Le malheureux Johannès se trouva donc avoir affaire à trois adversaires à la fois : aux Italiens à l’est, à Ménélik au sud, aux madhistes au nord et à l’ouest, et se vit enveloppé sur toutes ses frontières. Il se tourna d’abord contre Ménélik. Aussitôt les derviches envahirent ses États et entrèrent à Gondar, sa capitale. Courant au plus pressé, le négus fit volte-face, et ce fut alors qu’il engagea avec les madhistes cette sanglante bataille de Métamneh où il trouva la mort.

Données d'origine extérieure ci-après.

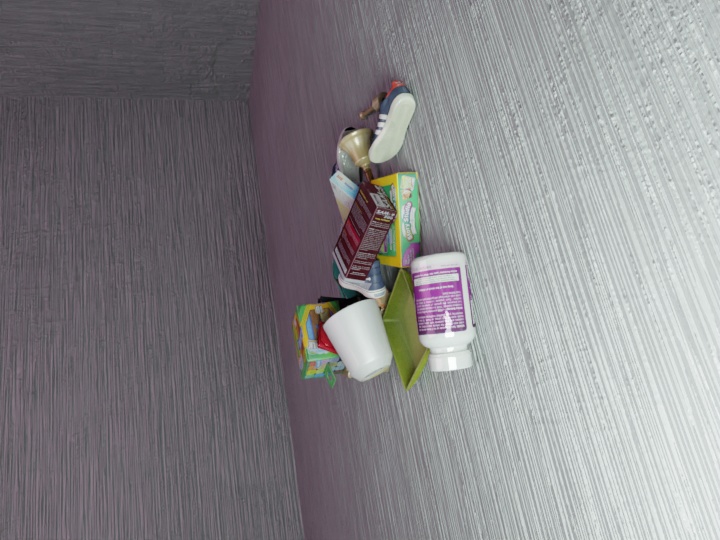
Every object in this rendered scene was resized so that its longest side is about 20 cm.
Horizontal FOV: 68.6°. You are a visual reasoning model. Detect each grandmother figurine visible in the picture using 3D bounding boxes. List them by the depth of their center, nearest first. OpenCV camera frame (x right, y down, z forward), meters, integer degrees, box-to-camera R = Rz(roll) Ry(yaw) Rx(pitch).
[{"bbox_3d":[0.035,0.039,1.426,0.200,0.058,0.126,-131,48,-57],"label":"grandmother figurine"}]

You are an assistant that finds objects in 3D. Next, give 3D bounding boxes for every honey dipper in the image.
[{"bbox_3d":[0.030,-0.418,1.368,0.199,0.036,0.040,-168,74,-74],"label":"honey dipper"}]

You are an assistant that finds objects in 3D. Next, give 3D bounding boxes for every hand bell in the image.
[{"bbox_3d":[0.023,-0.256,1.391,0.207,0.101,0.104,69,159,8],"label":"hand bell"}]

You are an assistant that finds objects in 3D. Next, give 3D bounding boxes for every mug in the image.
[{"bbox_3d":[0.019,0.170,1.273,0.150,0.182,0.157,-49,61,48],"label":"mug"}]

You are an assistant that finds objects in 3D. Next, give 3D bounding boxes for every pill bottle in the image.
[{"bbox_3d":[0.155,0.076,0.977,0.112,0.108,0.209,158,108,-70],"label":"pill bottle"}]

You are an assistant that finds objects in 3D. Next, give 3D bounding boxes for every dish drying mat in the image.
[{"bbox_3d":[-0.018,0.190,1.347,0.018,0.194,0.079,-51,26,41],"label":"dish drying mat"}]

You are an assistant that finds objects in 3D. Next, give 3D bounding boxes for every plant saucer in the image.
[{"bbox_3d":[0.118,0.134,1.205,0.203,0.046,0.205,107,153,-48],"label":"plant saucer"}]

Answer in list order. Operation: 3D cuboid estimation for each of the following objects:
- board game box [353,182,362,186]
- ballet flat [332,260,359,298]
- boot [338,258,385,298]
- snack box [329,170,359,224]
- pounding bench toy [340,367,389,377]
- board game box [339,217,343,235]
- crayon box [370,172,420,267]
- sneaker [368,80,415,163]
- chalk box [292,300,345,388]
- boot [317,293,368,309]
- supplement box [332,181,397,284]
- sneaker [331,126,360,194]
[{"bbox_3d":[-0.012,-0.188,1.443,0.198,0.019,0.106,19,135,62],"label":"board game box"},{"bbox_3d":[-0.048,0.043,1.674,0.072,0.065,0.204,84,170,-45],"label":"ballet flat"},{"bbox_3d":[0.000,0.000,1.351,0.198,0.071,0.094,19,122,56],"label":"boot"},{"bbox_3d":[-0.013,-0.154,1.373,0.116,0.037,0.202,43,165,27],"label":"snack box"},{"bbox_3d":[-0.013,0.202,1.504,0.199,0.119,0.163,171,94,-72],"label":"pounding bench toy"},{"bbox_3d":[-0.015,-0.109,1.577,0.202,0.033,0.139,-118,29,-50],"label":"board game box"},{"bbox_3d":[0.081,-0.117,1.243,0.172,0.056,0.209,-169,75,-70],"label":"crayon box"},{"bbox_3d":[0.066,-0.343,1.222,0.202,0.072,0.087,-57,42,47],"label":"sneaker"},{"bbox_3d":[-0.103,0.205,1.395,0.126,0.119,0.206,113,147,-54],"label":"chalk box"},{"bbox_3d":[-0.063,0.152,1.578,0.078,0.161,0.205,-111,25,-45],"label":"boot"},{"bbox_3d":[0.006,-0.085,1.223,0.204,0.059,0.110,-65,33,30],"label":"supplement box"},{"bbox_3d":[-0.053,-0.325,1.570,0.146,0.078,0.208,-141,44,-60],"label":"sneaker"}]

Le moment attendu par Ménélik et les Italiens était venu. Le 2 mai 1889, six semaines seulement après la mort de Johannès, au camp d’Ucciali, un traité cimenta l’alliance du roi de Choa et de l’Italie. Ménélik II se faisait proclamer négus, au mépris des dernières volontés de Johannès. Reconnu en cette qualité par l’abouna, le chef du clergé d’Ethiopie, il recevait la soumission de la plupart des chefs abyssins et obligeait Mangascia, l’héritier désigné de Johannès, à se réfugier dans le Tigré. En même temps, les Italiens, sous prétexte d’aider Ménélik, franchissaient la plaine sise au bas du plateau abyssin et pénétraient dans le Tigré. Le 2 juin 1889. ils entraient sans coup férir à Kéren. Deux mois après, ils occupaient dans les mêmes conditions Asmara, et faisaient fuir devant eux le ras Aloula, lieutenant de Mangascia, jusqu’à la rivière Belessa. Ils voulurent alors se donner la satisfaction d’entrer dans la capitale du Tigré, et le 26 janvier 1890, trois ans jour pour jour après le désastre de Dogali, ils occupèrent Adoua. Pris entre les troupes du Choa et les troupes italiennes, Mangascia se soumit à Ménélik, le reconnut comme négus, et accepta de lui la vice-royauté du Tigré.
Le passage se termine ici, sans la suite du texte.